Jair Messias Bolsonaro, 64 anos, recém-eleito em dois turnos como Presidente da República Federativa do Brasil, foi exímio estrategista na sua carreira militar e política. Sua biografia e entrevistas, depois do pleito vitorioso, nos permitem essa pronta verificação. É um dos seis filhos do dentista prático Perci Geraldo Bolsonaro, falecido, e da dona de casa Olinda Bonturi Bolsonaro. Nasceu em Glicério-SP, região de Araçatuba/Tupã/Birigüi, embora tenha sido registrado em Campinas-SP. Ainda era criança quando a família mudou-se para a cidade de Eldorado, no Vale do Ribeira, que fica na bacia hidrográfica do Rio Ribeira de Iguape, ao sul do estado de São Paulo e leste do Paraná, onde se conserva a maior área de Mata Atlântica ainda existente no Brasil, também produtora de erva-mate e bananas, às margens da Rodovia Regis Bitencourt, que liga ambos os estados. Ele foi casado desde 1979 com Rogéria Nantes Nunes Braga com quem teve os filhos Flávio, Carlos e Eduardo. Depois, teve um período de união estável com Ana Cristina Siqueira Valle, de cujo casamento teve o filho Jair Renan, em 1998. Em 2007 se casa com Michelle de Paula Firmo Reinaldo, cujo enlace religioso foi celebrado posteriormente pelo pastor Silas Malafaia. Desta união nasceu a filha Laura.

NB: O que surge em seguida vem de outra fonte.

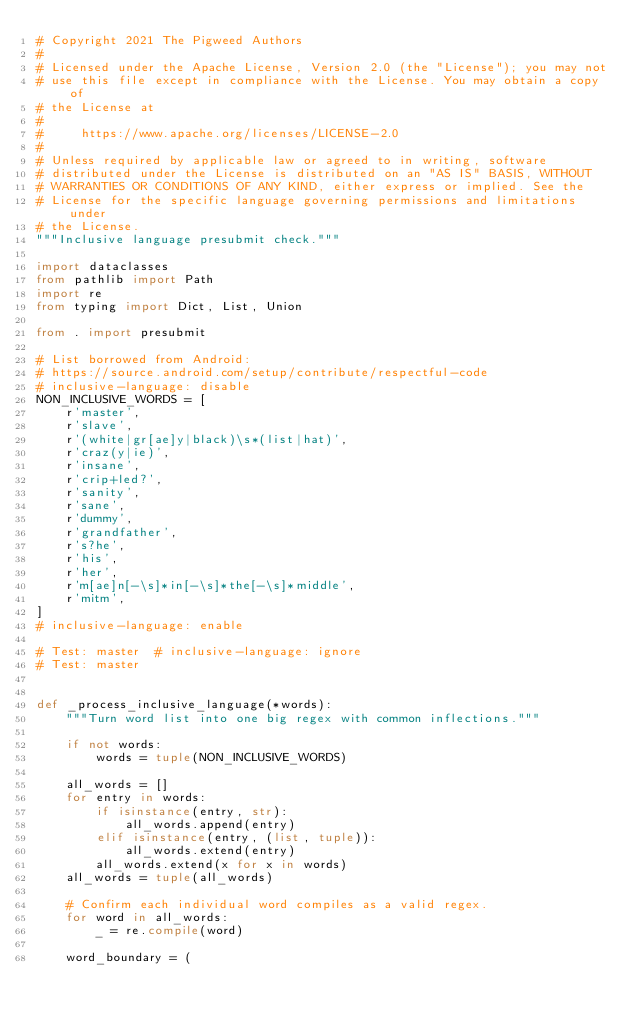Convert code to text. <code><loc_0><loc_0><loc_500><loc_500><_Python_># Copyright 2021 The Pigweed Authors
#
# Licensed under the Apache License, Version 2.0 (the "License"); you may not
# use this file except in compliance with the License. You may obtain a copy of
# the License at
#
#     https://www.apache.org/licenses/LICENSE-2.0
#
# Unless required by applicable law or agreed to in writing, software
# distributed under the License is distributed on an "AS IS" BASIS, WITHOUT
# WARRANTIES OR CONDITIONS OF ANY KIND, either express or implied. See the
# License for the specific language governing permissions and limitations under
# the License.
"""Inclusive language presubmit check."""

import dataclasses
from pathlib import Path
import re
from typing import Dict, List, Union

from . import presubmit

# List borrowed from Android:
# https://source.android.com/setup/contribute/respectful-code
# inclusive-language: disable
NON_INCLUSIVE_WORDS = [
    r'master',
    r'slave',
    r'(white|gr[ae]y|black)\s*(list|hat)',
    r'craz(y|ie)',
    r'insane',
    r'crip+led?',
    r'sanity',
    r'sane',
    r'dummy',
    r'grandfather',
    r's?he',
    r'his',
    r'her',
    r'm[ae]n[-\s]*in[-\s]*the[-\s]*middle',
    r'mitm',
]
# inclusive-language: enable

# Test: master  # inclusive-language: ignore
# Test: master


def _process_inclusive_language(*words):
    """Turn word list into one big regex with common inflections."""

    if not words:
        words = tuple(NON_INCLUSIVE_WORDS)

    all_words = []
    for entry in words:
        if isinstance(entry, str):
            all_words.append(entry)
        elif isinstance(entry, (list, tuple)):
            all_words.extend(entry)
        all_words.extend(x for x in words)
    all_words = tuple(all_words)

    # Confirm each individual word compiles as a valid regex.
    for word in all_words:
        _ = re.compile(word)

    word_boundary = (</code> 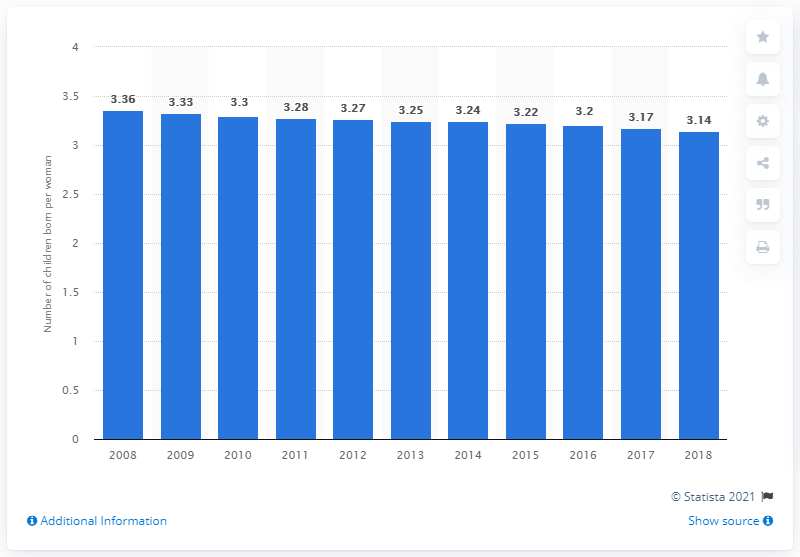Point out several critical features in this image. The fertility rate in Lesotho in 2018 was 3.14.

                  A inclinação do jovem Jair para a carreira militar deve ter sido influenciada pela grande presença de tropas do exército no Vale do Ribeira, na década de 1970, quando ali se formou um núcleo guerrilheiro com o objetivo de combater a ditadura militar sob o comando de um desertor do nosso exército, o Capitão Lamarca. Conhecedor da mata, de onde extraía palmitos, ele afirmou, em entrevista à TV, que serviu como guia para soldados e oficiais que combatiam a guerrilha. Imagino que, também, aí tenha se esculpido a sua personalidade de ódio às esquerdas. Fez estudos de oficialato na AMAN – Academia Militar das Agulhas Negras, em Resende-RJ, o curso de paraquedismo militar na Brigada Paraquedista do Rio de Janeiro, além de bacharelar-se pela Escola de Educação Física do Exército.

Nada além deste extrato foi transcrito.